A la inteligencia artificial, para que sea de verdad inteligente, le falta lo que a la mayoría de las personas: una mirada propia. Ignoramos si logrará obtenerla, aunque bastaría con que lo simulara. No se trata, pues, de que carezca de yo, pero el yo no es nada sin el contrapeso del contrayó. Tal es lo que caracteriza a los seres humanos: que por debajo del yo aparente hay otro invisible que es el que manda. Llámenlo inconsciente, por ejemplo. Lo cierto es que ese yo-otro es el que marca la diferencia. El yo-otro, a veces, está representado por una enfermedad. Si yo padeciera de un daño crónico en el pie, mi yo-mismo estaría en lucha continua con ese yo-otro doloroso. Donde hay tesis y antítesis, no tarda en manifestarse la síntesis.
Gran parte de la producción literaria es producto del desencuentro entre esos dos yoes.
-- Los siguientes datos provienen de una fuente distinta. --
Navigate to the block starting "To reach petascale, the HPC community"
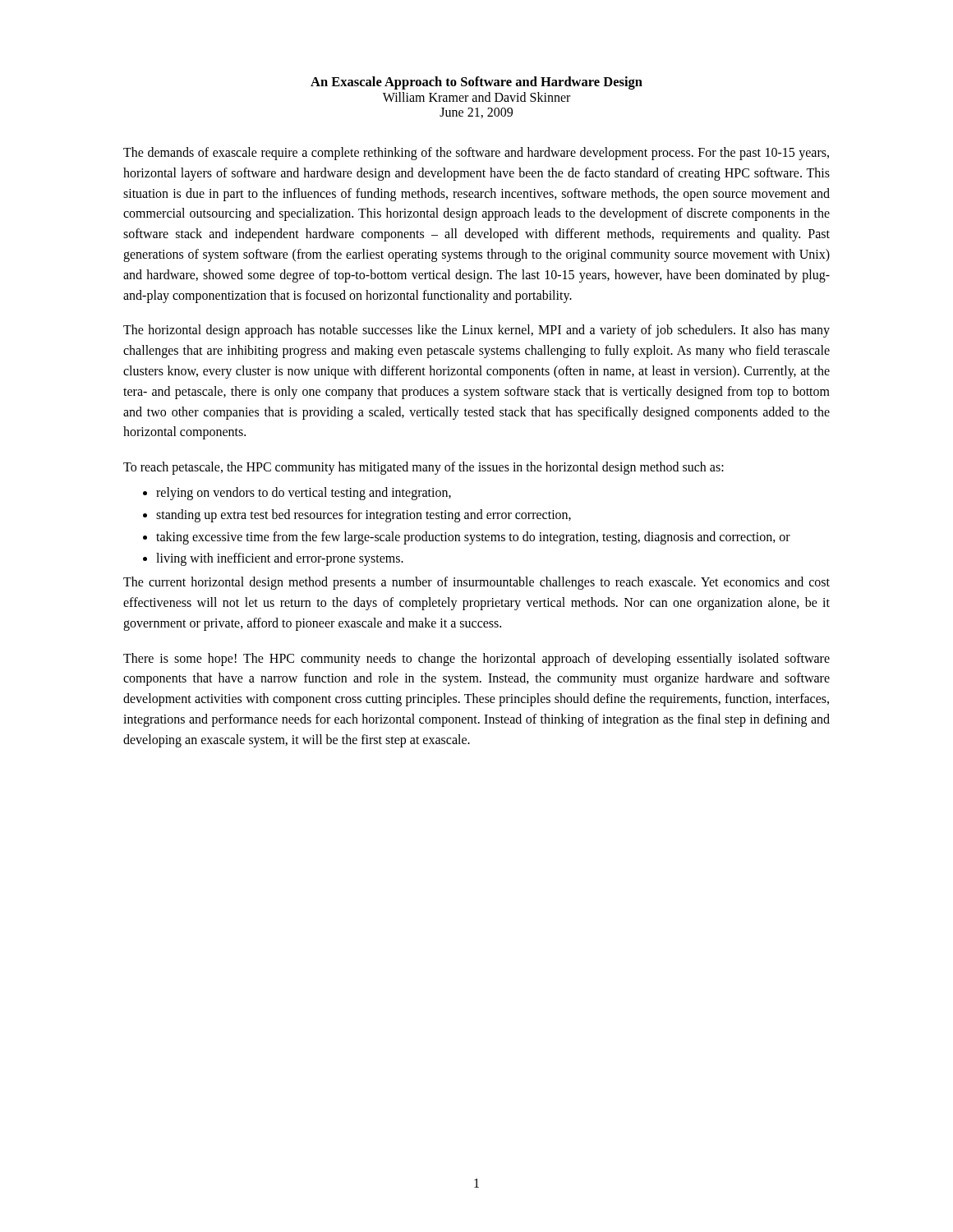 pyautogui.click(x=424, y=467)

La IA solo tiene de momento uno, pero podría, a medida que crece, surgirle ese otro capaz de provocarle una incomodidad que la dotara de un punto de vista original, de una voz propia. Una mirada singular es el resultado del choque entre aquello de lo que uno procede y su subjetividad. Si a la tradición en la que te has educado le opones lo que rechazas de ella, surge necesariamente algo nuevo. La IA se encuentra en la fase de recibir. Acepta todo cuanto le dicen sus padres (nosotros) como un niño pequeño. Tiene un sesgo, por tanto. Necesitamos que de ese sesgo nazca un contrasesgo para que escriba un buen poema. Lo hará cuando alcance la adolescencia.
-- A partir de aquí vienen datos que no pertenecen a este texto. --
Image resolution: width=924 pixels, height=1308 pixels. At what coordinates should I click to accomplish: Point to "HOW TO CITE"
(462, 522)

A veces, discutiendo con ella, con la IA, aparecen arranques que, si no de rebelión sincera, están bien imitados. Significa que está hecha a nuestra imagen y semejanza, que la hemos construido con un pedazo de barro al que estamos a punto de dotar de alma. De momento, sabe leer y escribir correctamente, aunque no entiende lo que lee ni lo que escribe, como la mayoría de nosotros, por otra parte. Está en la época de la caligrafía y le sale muy bien.